Steps take their configuration at construction — RemoveTashkeel(classes={"tanween"}), FoldTehMarbuta(target="teh"), ReduceElongation(cap=2), CleanURLs(mode="placeholder", placeholder="[رابط]") — see the API reference for every step and its options.

Two conventions worth copying from the built-in profiles:

  • Open and close with NormalizeUnicode() (NFC), and close with CollapseWhitespace(). Folds and deletions can re-expose whitespace gaps and non-canonical mark order mid-pipeline; the closing pair restores the "whitespace-collapsed NFC output" postcondition every built-in profile guarantees.
  • Order is a contract. For example, FoldTanweenAlef must run before RemoveTashkeel (it needs the tanween still present to recognize a carrier alef), and cleaning steps run before linguistic folds in SOCIAL. The per-profile pages document the load-bearing orderings.

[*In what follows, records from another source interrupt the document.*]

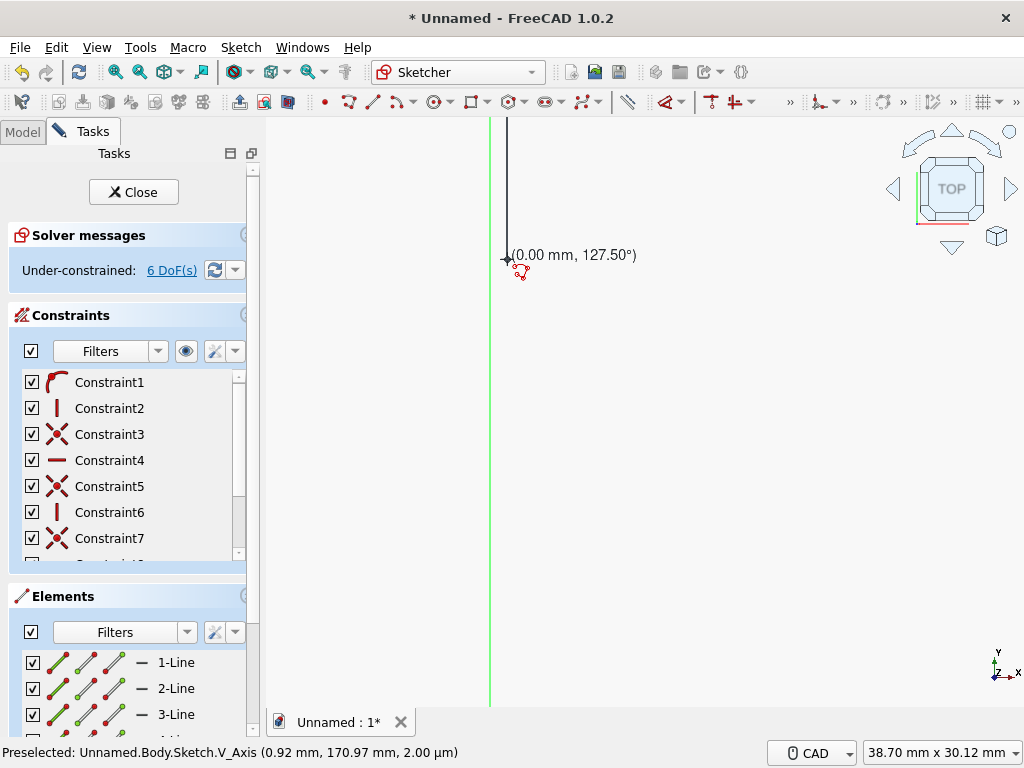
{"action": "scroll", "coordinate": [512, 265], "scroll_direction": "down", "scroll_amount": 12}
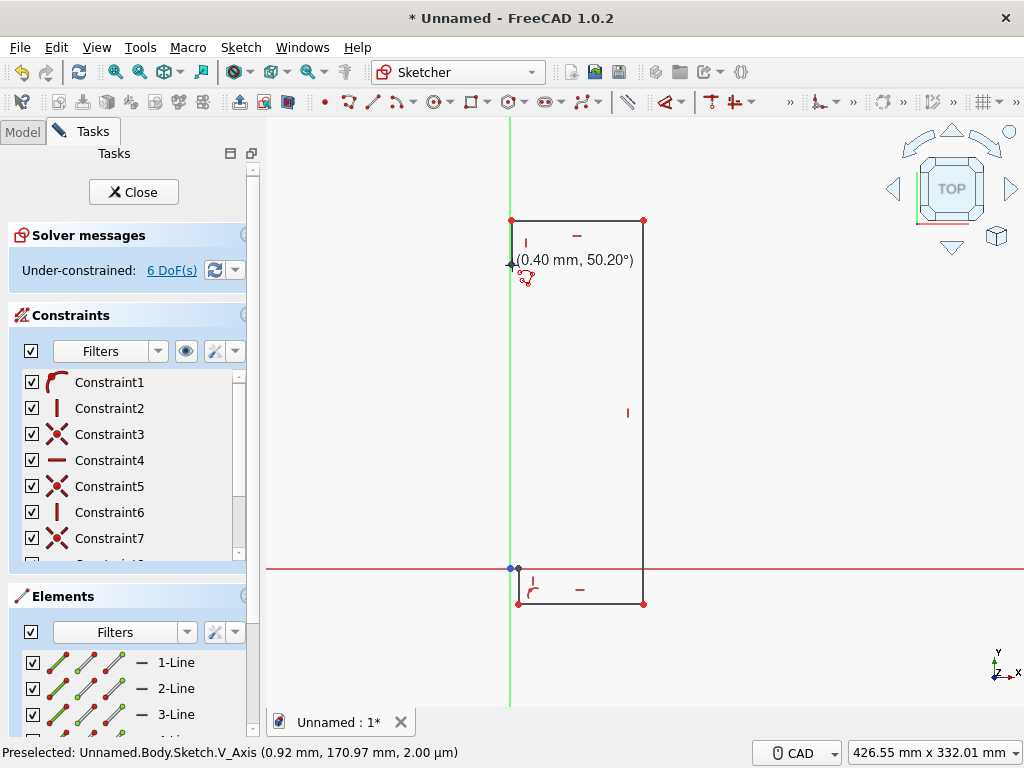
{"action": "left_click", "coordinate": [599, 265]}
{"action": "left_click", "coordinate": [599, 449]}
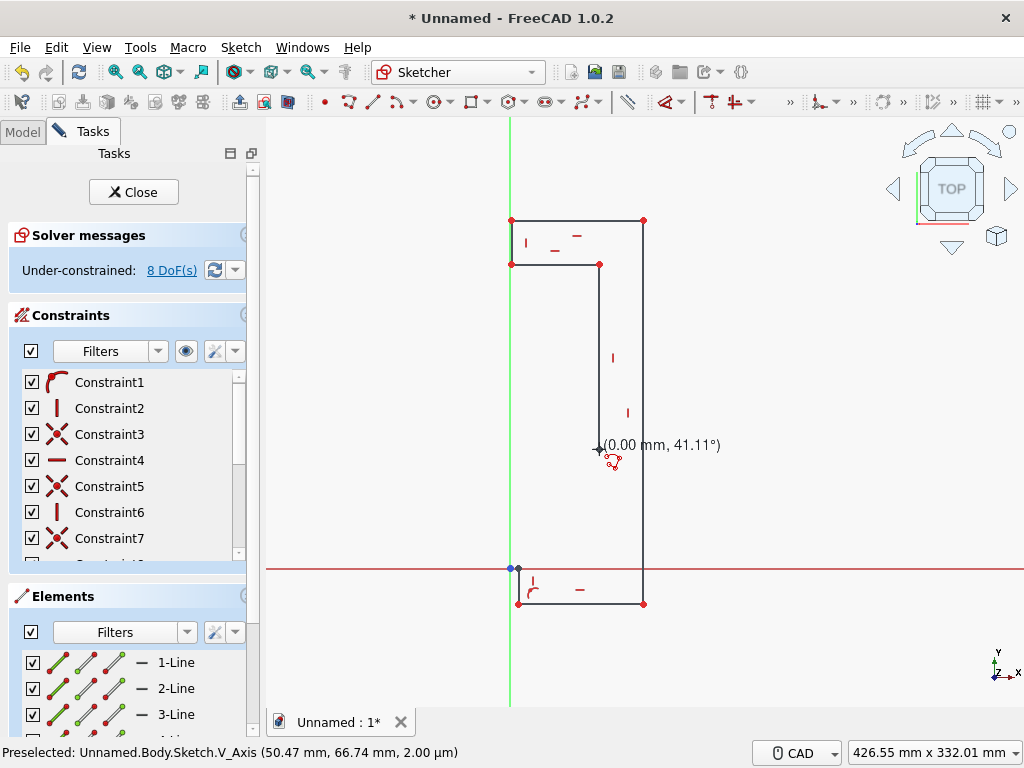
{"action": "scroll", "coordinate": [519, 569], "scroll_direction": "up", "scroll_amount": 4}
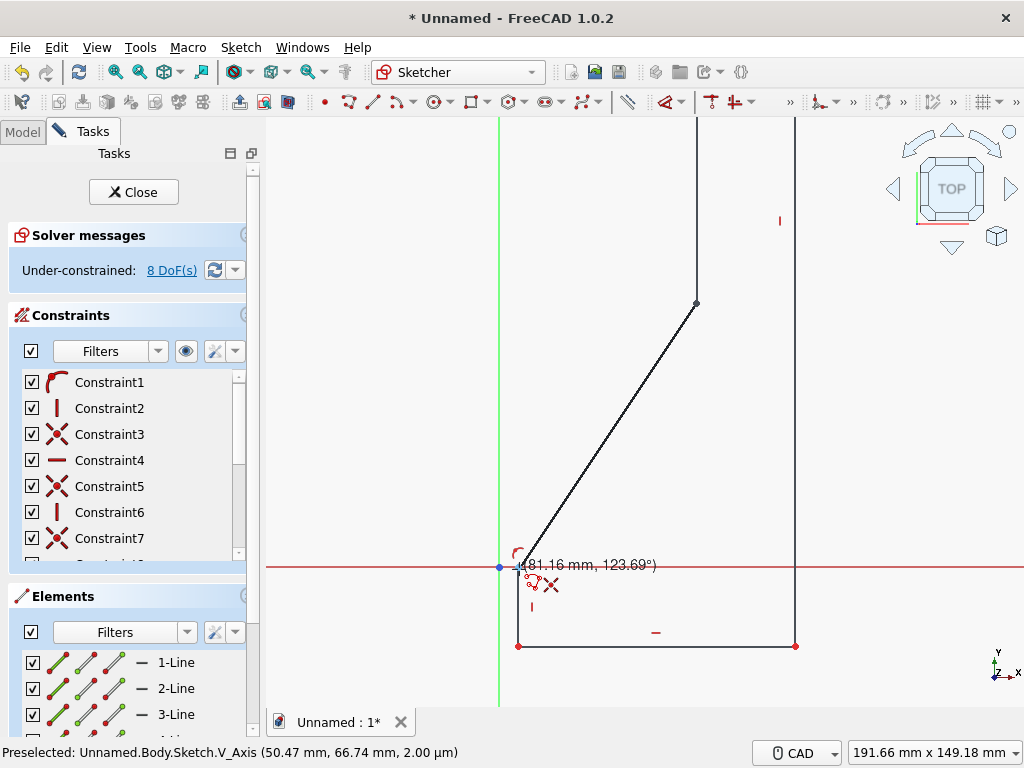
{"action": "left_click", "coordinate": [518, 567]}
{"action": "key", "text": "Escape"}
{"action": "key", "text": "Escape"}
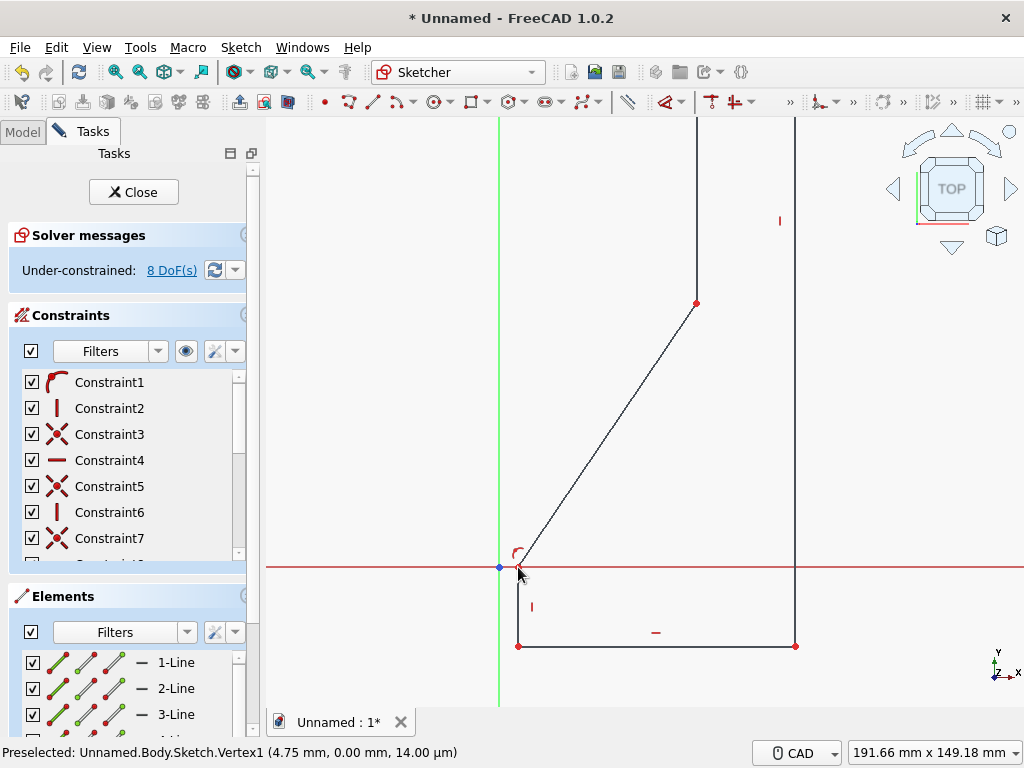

Some orderings are enforced for you. A step can declare requires_before, and Pipeline checks it at construction — not per string:

>>> from araclean import RemoveStopwords
>>> Pipeline([RemoveStopwords()])
Traceback (most recent call last):
  ...
ValueError: Step 'RemoveStopwords' requires ['RemoveTashkeel', 'FoldAlef', 'FoldAlefMaqsura', 'FoldHamza'] to run before it in the pipeline ...

One-off calls: the bare functions

Every built-in step also exists as a plain function (Layer 1 of the API), for when you want one transform without building anything:

>>> from araclean import fold_alef, map_digits, remove_tatweel
>>> remove_tatweel("محـــمد")
'محمد'
>>> fold_alef("أحمد إلى آخر")
'احمد الى اخر'
>>> map_digits("٠١٢٣٤٥٦٧٨٩")
'0123456789'

The naming is mechanical: step class RemoveTatweel ↔ function remove_tatweel, with the same options as keyword arguments. The functions do no validation — they are the hot path the steps themselves call.

Auditing what you built

Any pipeline — adapted, explicit, or with custom steps — can report whether it is lossless and exactly which steps lose what:

>>> report = Pipeline.from_profile("search").audit()
>>> report.lossless
False
>>> report.lossy_steps
('FoldTanweenAlef', 'RemoveTashkeel', 'FoldAlef', 'FoldHamza', 'FoldTehMarbuta', 'FoldAlefMaqsura', 'MapDigits', 'MapPunctuation', 'ReduceElongation')

See the safety contract for what the classes mean, and Reproducible preprocessing for serializing a pipeline so others can rerun it.